◆ Your objective
Look for the string "corner" in the data below, and copy each line that holds it.

╭──

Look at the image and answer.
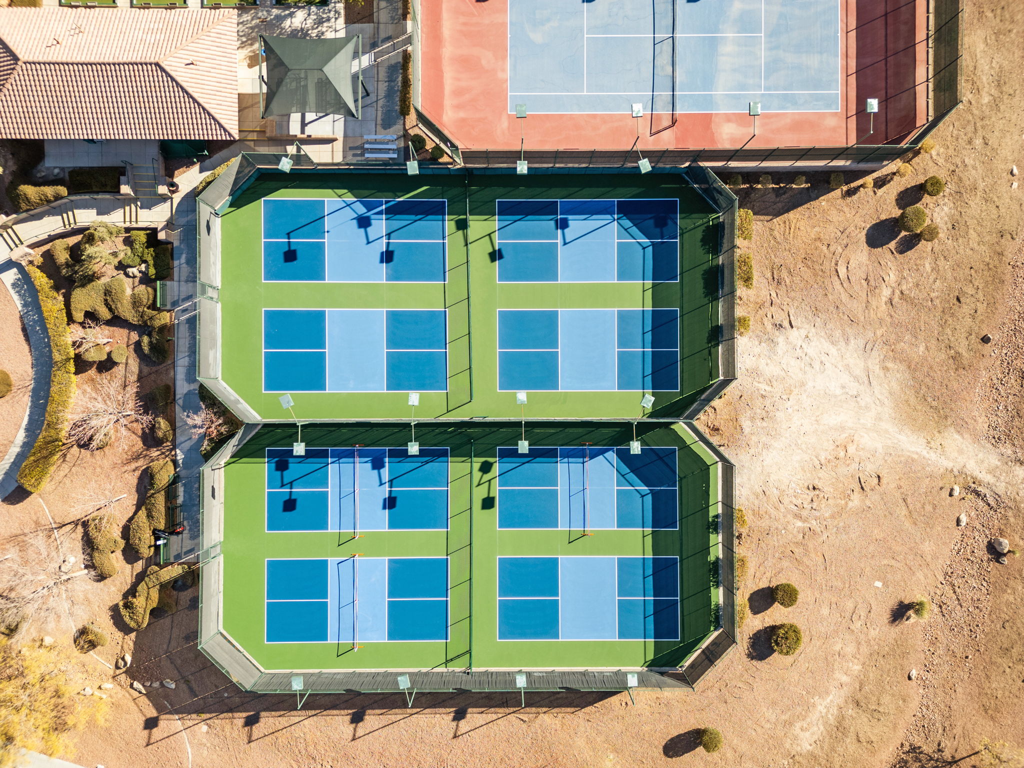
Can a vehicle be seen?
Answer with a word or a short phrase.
No
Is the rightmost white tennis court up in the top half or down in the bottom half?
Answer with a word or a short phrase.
top
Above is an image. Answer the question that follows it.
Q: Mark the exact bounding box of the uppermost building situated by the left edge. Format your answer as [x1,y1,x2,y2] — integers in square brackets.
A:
[0,4,239,140]
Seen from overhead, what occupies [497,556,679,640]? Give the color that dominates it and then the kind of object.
blue sports court
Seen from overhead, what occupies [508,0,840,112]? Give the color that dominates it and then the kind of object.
white tennis court
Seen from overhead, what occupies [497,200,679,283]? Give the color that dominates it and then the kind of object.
blue sports court
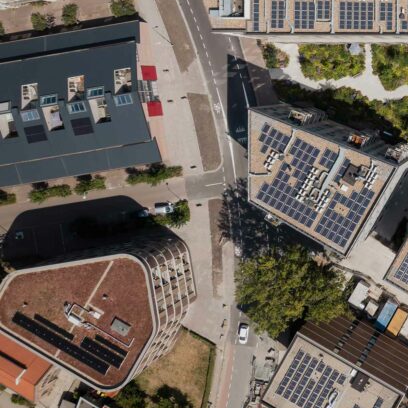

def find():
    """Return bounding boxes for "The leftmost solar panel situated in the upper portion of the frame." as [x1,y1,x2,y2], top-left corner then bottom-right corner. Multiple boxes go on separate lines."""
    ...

[24,125,47,143]
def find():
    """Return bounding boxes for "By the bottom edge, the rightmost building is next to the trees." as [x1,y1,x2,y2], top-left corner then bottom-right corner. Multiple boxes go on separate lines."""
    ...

[262,299,408,408]
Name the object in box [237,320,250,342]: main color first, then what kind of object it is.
white vehicle
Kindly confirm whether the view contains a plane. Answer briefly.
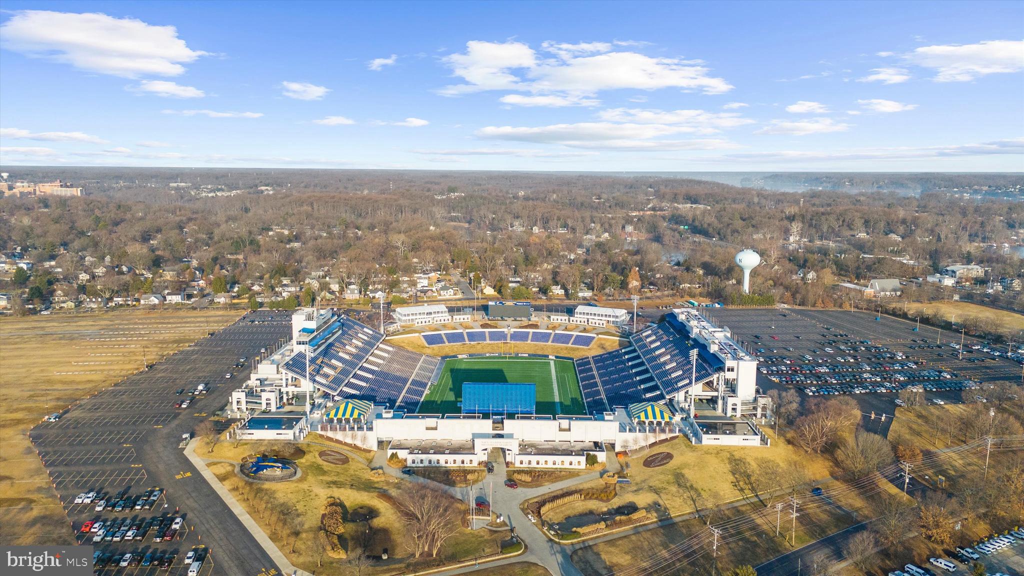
Yes
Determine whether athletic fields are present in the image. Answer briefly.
Yes
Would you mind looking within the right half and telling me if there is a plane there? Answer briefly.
No
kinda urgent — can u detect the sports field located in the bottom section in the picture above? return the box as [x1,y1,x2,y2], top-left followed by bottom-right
[419,351,582,417]
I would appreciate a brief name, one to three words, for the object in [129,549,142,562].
vehicle
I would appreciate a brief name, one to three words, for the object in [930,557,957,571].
vehicle
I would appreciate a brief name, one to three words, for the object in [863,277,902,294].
building
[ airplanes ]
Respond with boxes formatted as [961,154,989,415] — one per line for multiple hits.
[245,448,286,473]
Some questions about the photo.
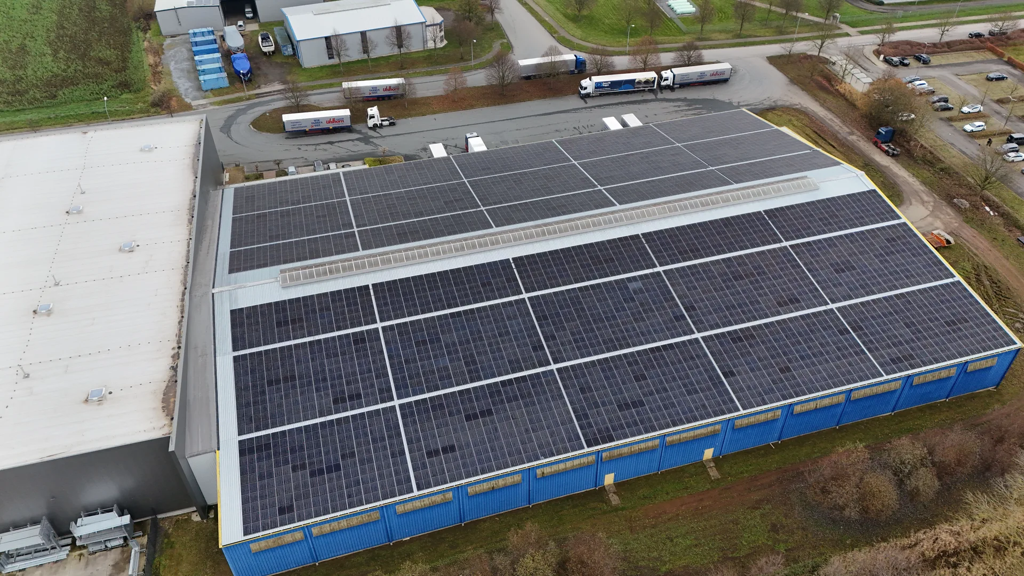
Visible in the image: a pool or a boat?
boat
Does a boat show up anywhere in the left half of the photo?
Yes
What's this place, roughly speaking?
industrial area
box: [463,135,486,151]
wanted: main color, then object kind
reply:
white vehicle
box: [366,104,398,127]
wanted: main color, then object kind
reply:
white truck
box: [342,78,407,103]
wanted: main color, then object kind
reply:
gray trailer
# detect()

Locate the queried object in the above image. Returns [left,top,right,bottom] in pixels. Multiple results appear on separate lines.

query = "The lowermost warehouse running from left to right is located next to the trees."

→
[210,108,1024,576]
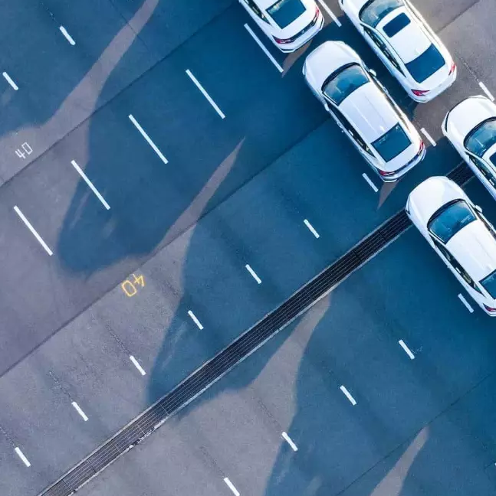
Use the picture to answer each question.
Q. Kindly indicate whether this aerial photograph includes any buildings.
No
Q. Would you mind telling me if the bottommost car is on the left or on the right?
right
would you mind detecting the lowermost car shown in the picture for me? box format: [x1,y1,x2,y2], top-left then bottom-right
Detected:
[406,177,496,314]
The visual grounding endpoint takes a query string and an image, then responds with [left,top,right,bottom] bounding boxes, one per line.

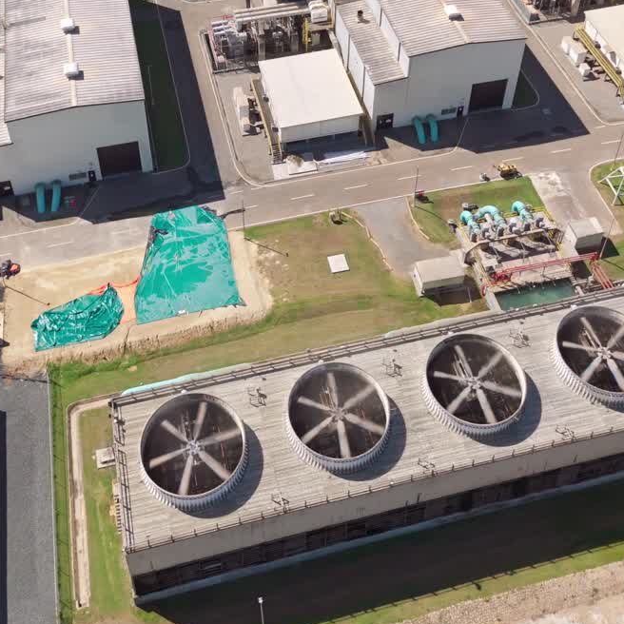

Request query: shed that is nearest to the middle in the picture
[412,252,468,295]
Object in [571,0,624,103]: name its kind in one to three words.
building
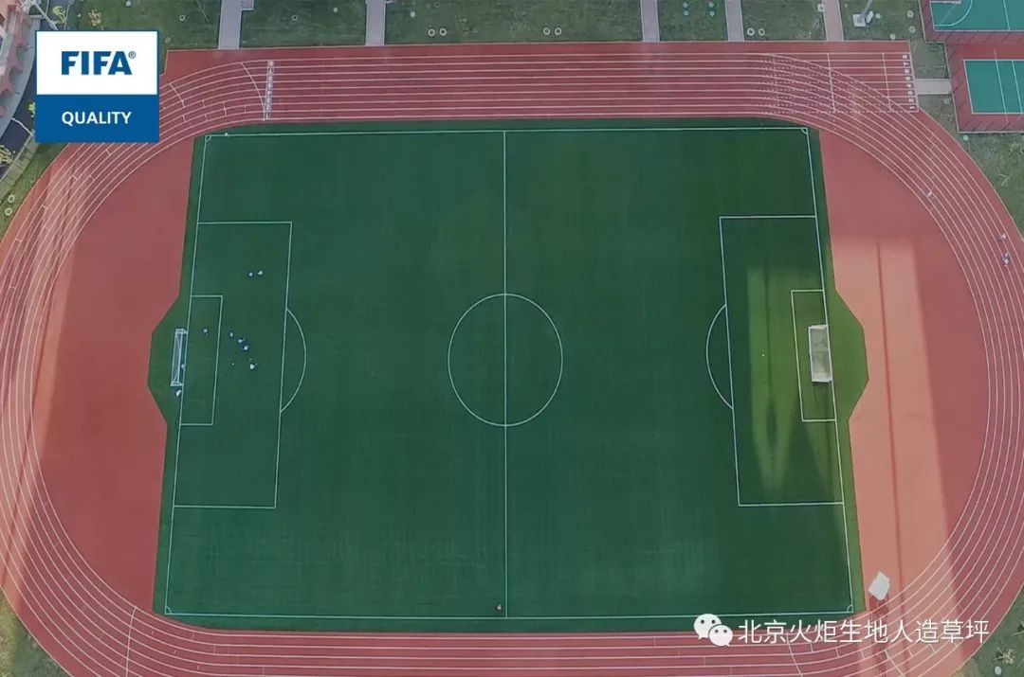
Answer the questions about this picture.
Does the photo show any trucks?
No
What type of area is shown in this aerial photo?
sports ground
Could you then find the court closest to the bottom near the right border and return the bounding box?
[944,42,1024,132]
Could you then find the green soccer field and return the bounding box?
[147,117,868,633]
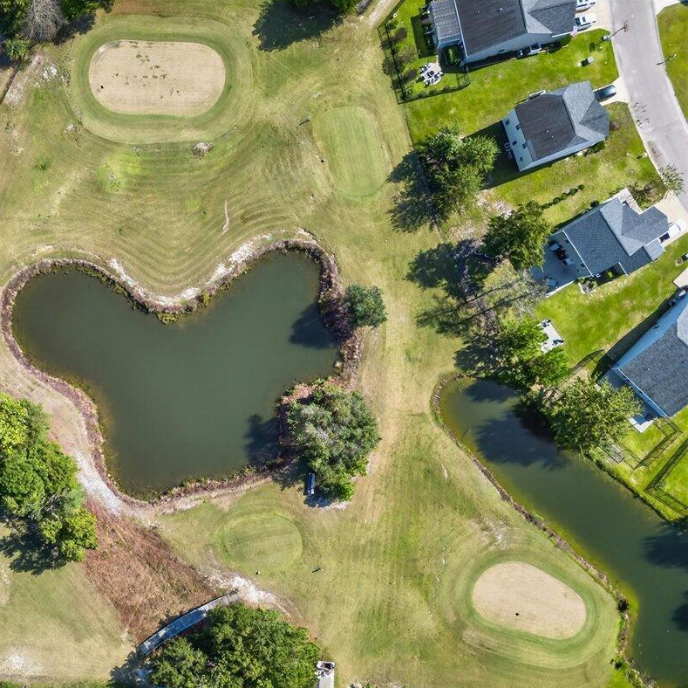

╰──

◆ Result of this task
    """Return bounding boxes for "The leftmost solar panel situated in the upper portion of the frame." as [x1,y1,x2,y2], top-left corner then bottom-right corner. Multiple boxes go on separate lines."""
    """Return bounding boxes for "By the bottom edge, the rightmost building is next to the trees." as [x1,y1,x2,y2], top-left corner then bottom-right corner. Multiple boxes go on separate lines."""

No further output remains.